Delayed Diagnosis of Thyroid Cancer
A significant percentage of women and many men will develop a thyroid nodule over their lifetime. Nodules may be diagnosed during a routine physical examination for an enlarged thyroid, known as goiter, or by chance during an imaging study ordered to investigate other medical issues. Unfortunately, many thyroid nodules will go unnoticed by both the patient and their physician.
The vast majority of thyroid nodules are harmless. If caught early, even cancerous nodules can be surgically removed with little long-term threat to the patient. But for some, thyroid nodules can represent potentially harmful cancer which can lead to the unfortunate loss of life.
Once a thyroid nodule is identified, we rely on our doctors to take the required steps to find out whether the nodule is harmless, potentially cancerous, or cancer.
When a primary care physician encounters a patient with a thyroid nodule, they should follow a systematic approach to rule-out cancer and make sure the patient receives proper diagnosis and treatment. The critical question to answer for any patient with a thyroid nodule is whether to perform a biopsy of the nodule, called a fine need aspiration (FNA). During a FNA, a needle is used to draw cells from a thyroid nodule. These cells are submitted to a laboratory for evaluation by a pathologist trained in the microscopic detection of cancer and other diseases.
Not every patient with a thyroid nodule needs an FNA with its related emotional and physical costs. Nevertheless, patients rely on their physicians to determine when the risk of a thyroid nodule being cancer is high enough to justify the performance of an FNA.
Investigating the Case of a Delayed Diagnosis of Thyroid Cancer –The Duty of Care for Evaluation of a Thyroid Nodule
When investigating a lawsuit based on a delayed diagnosis of thyroid cancer, we must determine whether a physician had a “duty” to perform testing necessary to make the diagnosis. Physicians confronted with a patient who has a newly identifying thyroid nodule are expected to meet this duty by taking specific steps which doctors in our community recognize as essential steps to investigate the possibility of thyroid cancer:
Obtain a History and Physical Examination Specific to the Risk of Thyroid Cancer:
- History: First, a physician evaluating a patient with a thyroid nodule should obtain a detailed medical history, including answers to the following questions:
- How long has the patient noticed the nodule?
- Has the nodule rapidly grown in size?
- Does the patient have symptoms such as difficulty swallowing, hoarseness, or breathing difficulties?
- Is there a family history of thyroid disease or cancer?
- Was this patient exposed to radiation to the head or neck in their past?
- Physical Examination: Perform a thorough neck examination to assess:
- The size, texture, and mobility of the nodule or nodules.

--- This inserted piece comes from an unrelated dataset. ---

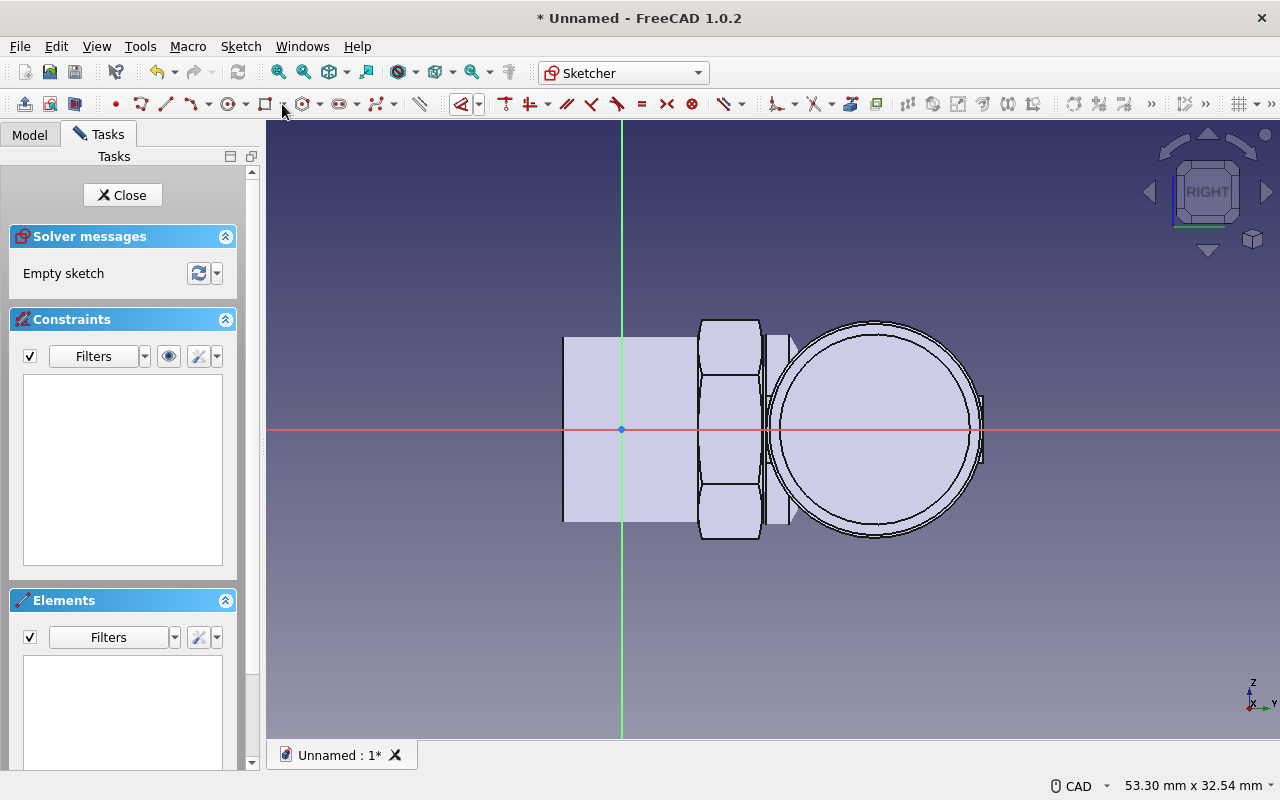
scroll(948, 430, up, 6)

- Whether there are multiple nodules (suggestive of multinodular goiter).
- Whether the patient has enlarged lymph nodes in the neck region (which could suggest cancer).
Obtain a TSH (Thyroid-Stimulating Hormone) Level:
The TSH (Thyroid-Stimulating Hormone) level can provide important information about the risk of thyroid cancer. If a patient with a thyroid nodule has low TSH levels, this suggests that the thyroid is producing too much hormone (hyperthyroidism). In this scenario, the nodule may be a “hot” nodule, which is typically non-cancerous. The next step often involves a radioactive iodine uptake scan to determine whether the nodule is functioning (producing thyroid hormone), which could explain the low TSH levels. If the nodule is confirmed to be “hot,” it is usually not biopsied since hot nodules are rarely malignant.

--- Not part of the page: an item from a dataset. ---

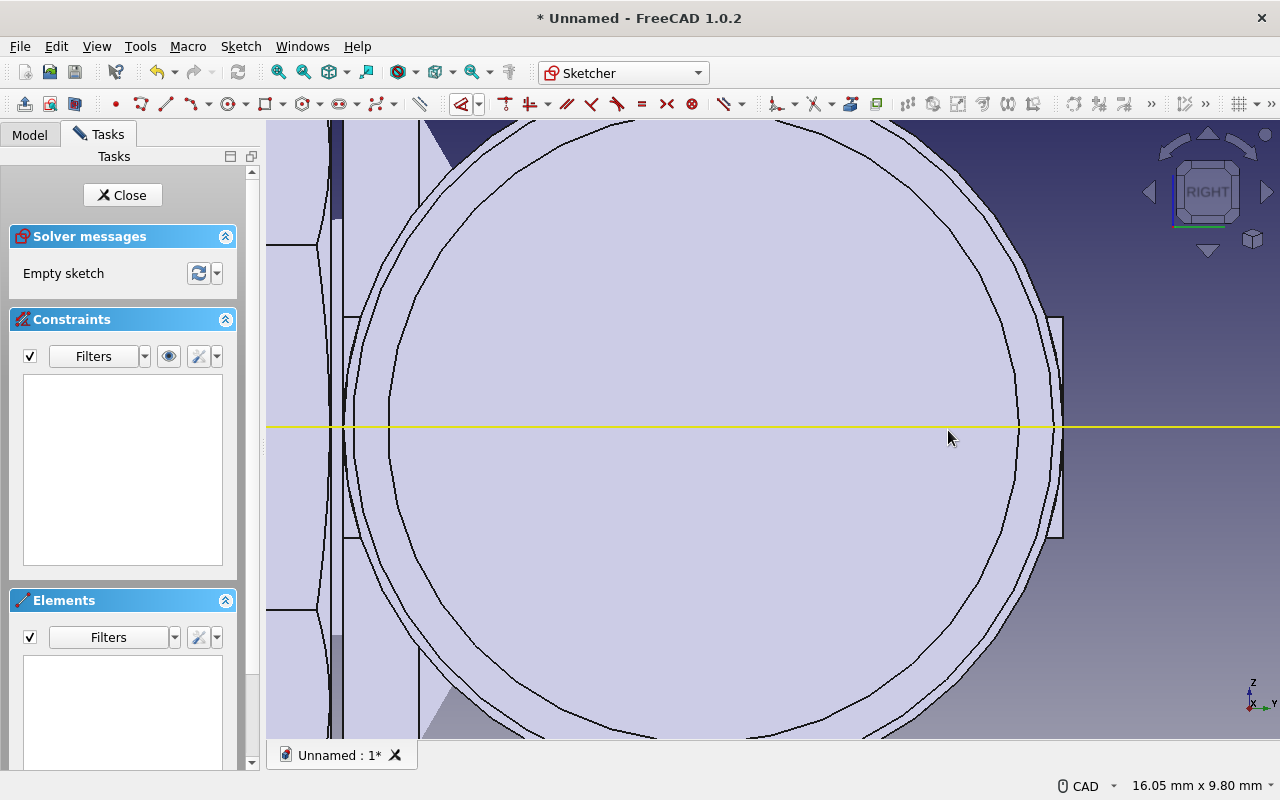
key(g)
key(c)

When TSH levels are within the normal range or elevated, it indicates that the thyroid gland is not producing excessive thyroid hormone. Nodules in patients with normal or elevated TSH levels are more likely to be malignant. The next step typically includes an ultrasound to assess the nodule’s characteristics, such as size, composition, and the presence of suspicious features (e.g., microcalcifications, irregular margins). Depending on the ultrasound findings, a fine-needle aspiration (FNA) biopsy may be performed to evaluate the nodule for cancer.
Obtain a Thyroid Ultrasound
Thyroid ultrasound is the primary imaging test to evaluate a thyroid nodule for warning signs of thyroid cancer. Certain ultrasound features are associated with a higher likelihood of malignancy.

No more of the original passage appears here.